Like a lot of pet owners, my husband and I consider our furry friend to be a member of the family. And just like any member of our family, our dog needs to have his health insurance taken care of.
Now that our Wheaten Terrier is approaching ten years of age, we started to wonder whether pet insurance would be a good investment.
The idea of not having to worry about paying your electric bill in order to save your beloved pet seemed like a good sense of security. But the more we started to look into it, the more we asked ourselves: Is pet insurance worth it?
Paying the deductible. Just like your own health insurance, a lot of pet insurance requires a deductible to be paid before your insurance will pick up the tab (and even then, the coverage can be limited to a percentage of the total cost, like 90%). Think of it as a PPO and not an HMO. The deductible—depending on how much of a monthly premium you are willing to pay—can range from a few dollars upto $1,000. In some cases, even more.

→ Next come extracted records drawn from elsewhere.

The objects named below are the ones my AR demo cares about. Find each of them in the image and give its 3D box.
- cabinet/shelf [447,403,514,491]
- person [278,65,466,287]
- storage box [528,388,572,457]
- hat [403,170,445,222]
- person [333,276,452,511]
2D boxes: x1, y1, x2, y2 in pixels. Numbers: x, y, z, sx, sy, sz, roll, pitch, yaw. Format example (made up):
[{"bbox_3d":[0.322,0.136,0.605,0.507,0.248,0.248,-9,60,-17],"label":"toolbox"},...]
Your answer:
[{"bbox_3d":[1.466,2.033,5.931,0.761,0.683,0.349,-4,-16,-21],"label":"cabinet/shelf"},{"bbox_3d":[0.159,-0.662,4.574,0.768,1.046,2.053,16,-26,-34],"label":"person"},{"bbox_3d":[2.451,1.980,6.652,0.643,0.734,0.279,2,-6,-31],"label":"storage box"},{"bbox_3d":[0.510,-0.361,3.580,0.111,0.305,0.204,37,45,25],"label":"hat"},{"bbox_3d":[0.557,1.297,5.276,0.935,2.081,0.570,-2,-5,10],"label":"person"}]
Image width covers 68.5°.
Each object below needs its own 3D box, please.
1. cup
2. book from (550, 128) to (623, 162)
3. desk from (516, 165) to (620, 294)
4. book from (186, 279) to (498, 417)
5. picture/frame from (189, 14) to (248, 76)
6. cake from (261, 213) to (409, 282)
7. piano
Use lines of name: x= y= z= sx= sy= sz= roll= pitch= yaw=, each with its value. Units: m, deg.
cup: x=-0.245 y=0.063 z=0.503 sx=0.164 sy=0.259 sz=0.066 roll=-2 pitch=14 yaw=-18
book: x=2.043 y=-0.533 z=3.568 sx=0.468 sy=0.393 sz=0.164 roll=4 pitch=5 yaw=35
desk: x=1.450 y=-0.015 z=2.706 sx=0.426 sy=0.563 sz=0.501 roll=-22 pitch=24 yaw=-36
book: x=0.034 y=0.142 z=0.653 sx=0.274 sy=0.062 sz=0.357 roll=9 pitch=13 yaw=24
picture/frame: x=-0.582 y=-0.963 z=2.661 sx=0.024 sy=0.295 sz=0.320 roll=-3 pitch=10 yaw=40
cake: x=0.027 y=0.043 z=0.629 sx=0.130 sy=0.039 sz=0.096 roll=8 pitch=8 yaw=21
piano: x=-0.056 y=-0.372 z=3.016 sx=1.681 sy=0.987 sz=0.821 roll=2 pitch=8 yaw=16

Restrictions. We found that each pet insurance had its own set of restrictions, whether it was for pre-existing conditions or a limit on what types of services would be covered, we didn’t like the idea of deciding not to do a certain procedure just because it wasn’t covered by insurance (it’s sad to admit that this is also a reality with human insurance!). We know that if it came down to it, we would be willing to use all the funds we had available to us in order to save our dog, especially if it wasn’t his time to go yet. We probably wouldn’t have the choice to save our pet if the surgery and treatment was extremely out of our budget or if it would compromise our finances, but we found that in these extreme cases, there was also a change that the pet insurance wouldn’t cover it either.

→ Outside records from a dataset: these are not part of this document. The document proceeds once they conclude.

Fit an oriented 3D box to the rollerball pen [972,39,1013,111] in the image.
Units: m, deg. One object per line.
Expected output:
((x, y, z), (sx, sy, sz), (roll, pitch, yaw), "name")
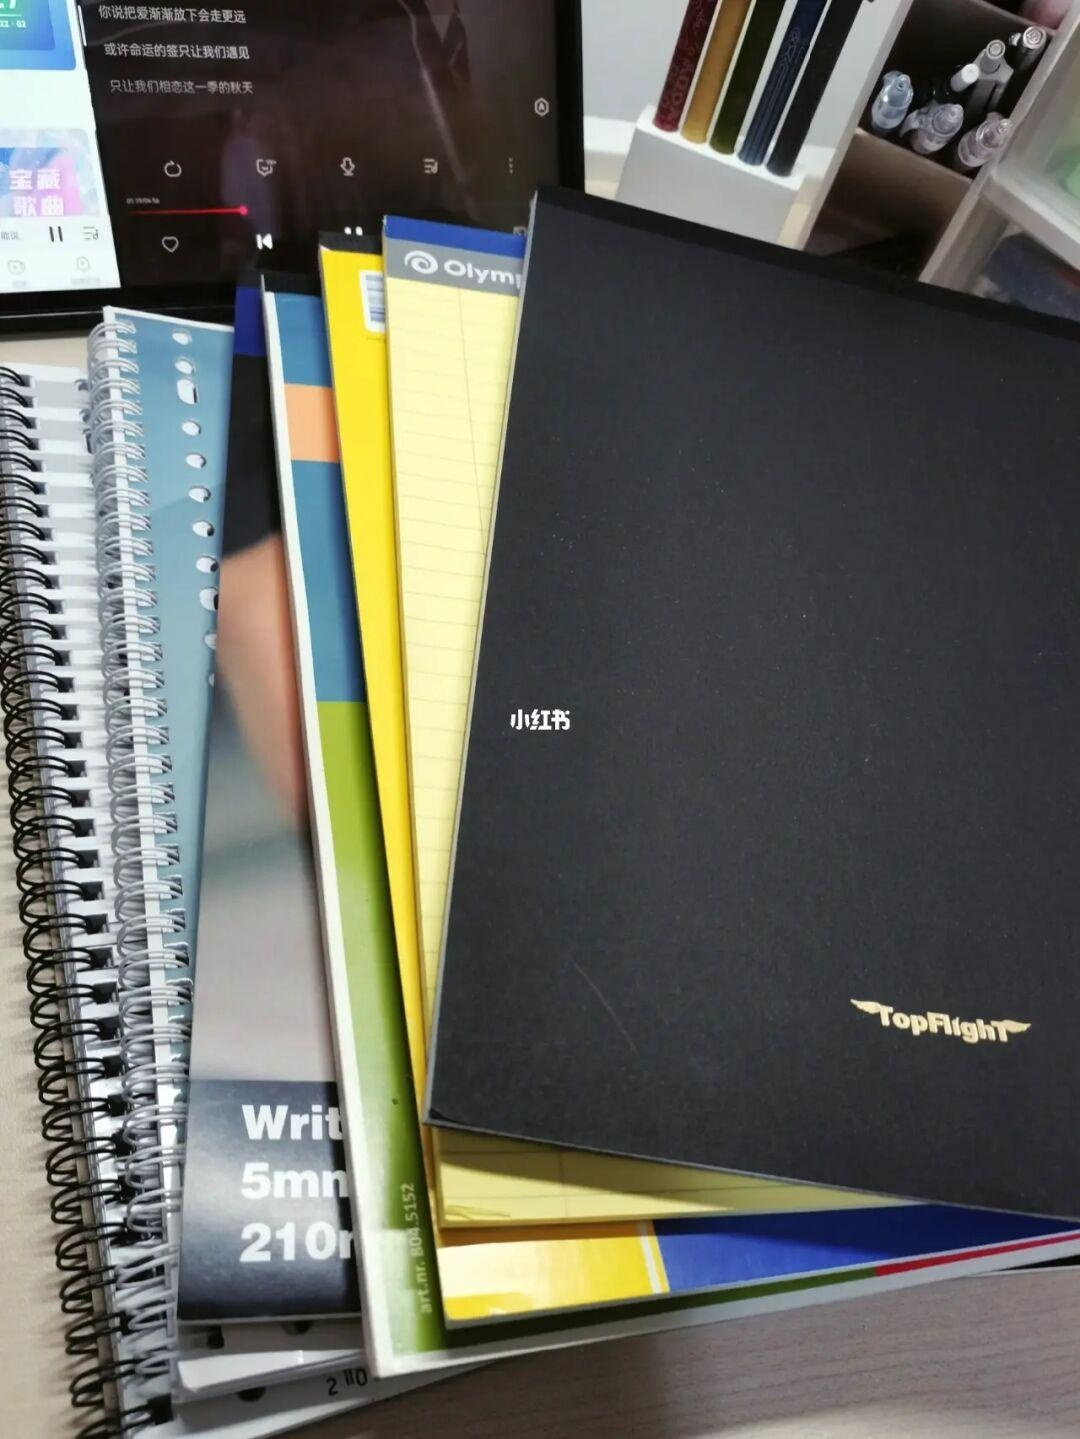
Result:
((0.290, -0.412, 0.760), (0.016, 0.061, 0.019), (-25, 82, 6), "rollerball pen")

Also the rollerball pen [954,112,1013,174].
((0.292, -0.377, 0.776), (0.011, 0.038, 0.012), (24, 98, 2), "rollerball pen")
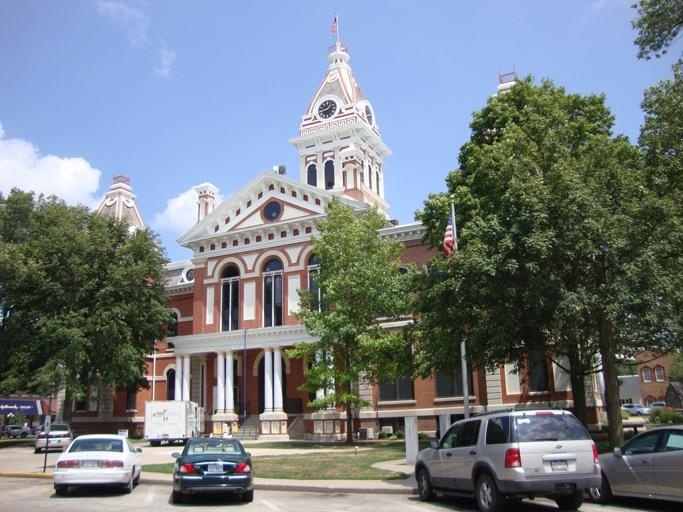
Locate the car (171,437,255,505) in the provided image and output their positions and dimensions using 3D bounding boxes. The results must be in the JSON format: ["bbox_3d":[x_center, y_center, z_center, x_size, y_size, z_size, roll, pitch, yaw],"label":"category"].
[{"bbox_3d":[-3.597,6.019,18.373,2.151,1.777,1.627,0,-15,-7],"label":"car"}]

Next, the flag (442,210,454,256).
[{"bbox_3d":[4.176,-0.876,25.432,0.459,2.134,1.735,-4,-14,8],"label":"flag"}]

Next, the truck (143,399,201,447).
[{"bbox_3d":[-10.971,10.883,42.549,2.846,2.764,5.301,-1,-14,-3],"label":"truck"}]

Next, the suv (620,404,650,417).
[{"bbox_3d":[32.316,16.877,71.799,2.531,1.326,8.128,-8,-16,21],"label":"suv"}]

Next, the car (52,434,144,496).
[{"bbox_3d":[-7.422,6.295,19.786,2.338,1.740,1.726,5,-16,-24],"label":"car"}]
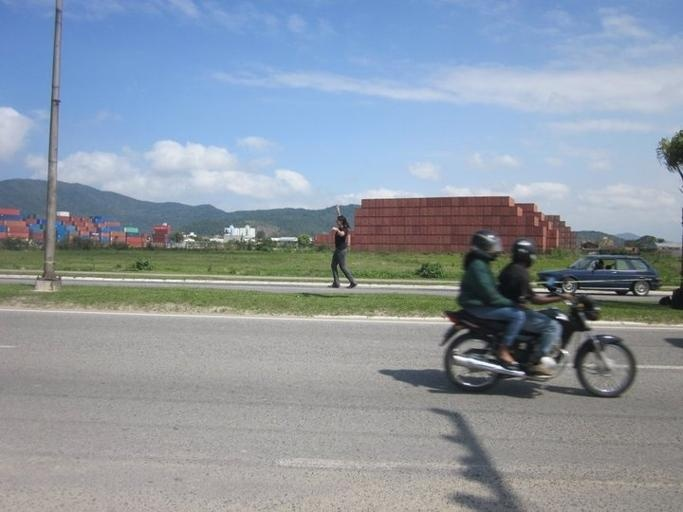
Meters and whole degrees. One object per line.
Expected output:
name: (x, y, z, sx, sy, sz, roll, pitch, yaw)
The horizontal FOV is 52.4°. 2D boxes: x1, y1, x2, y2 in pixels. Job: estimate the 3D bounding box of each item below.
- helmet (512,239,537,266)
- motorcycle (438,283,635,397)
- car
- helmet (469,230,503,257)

Time consuming. Like any financial decision, we found that sifting through all the different options was extremely time consuming—except this wasn’t a decision as to which mortgage lender we were going for, it was about pet insurance! After a couple of hours of internet searching, we were a bit over it.
We found that pet insurance was worth it if you had a pet with lifelong conditions that was consistently visiting the veterinarian. But for the average pet who only sees the vet at their annual check-up or for emergencies, like breaking their leg with a door or accidentally getting soap in their eye (don’t judge me!), then you’re probably better off just setting aside money monthly into a separate savings account for your pet.
I know I wouldn’t be too happy to contribute toward pet insurance and spend more than $5,000 on premiums only to never even need to use the money.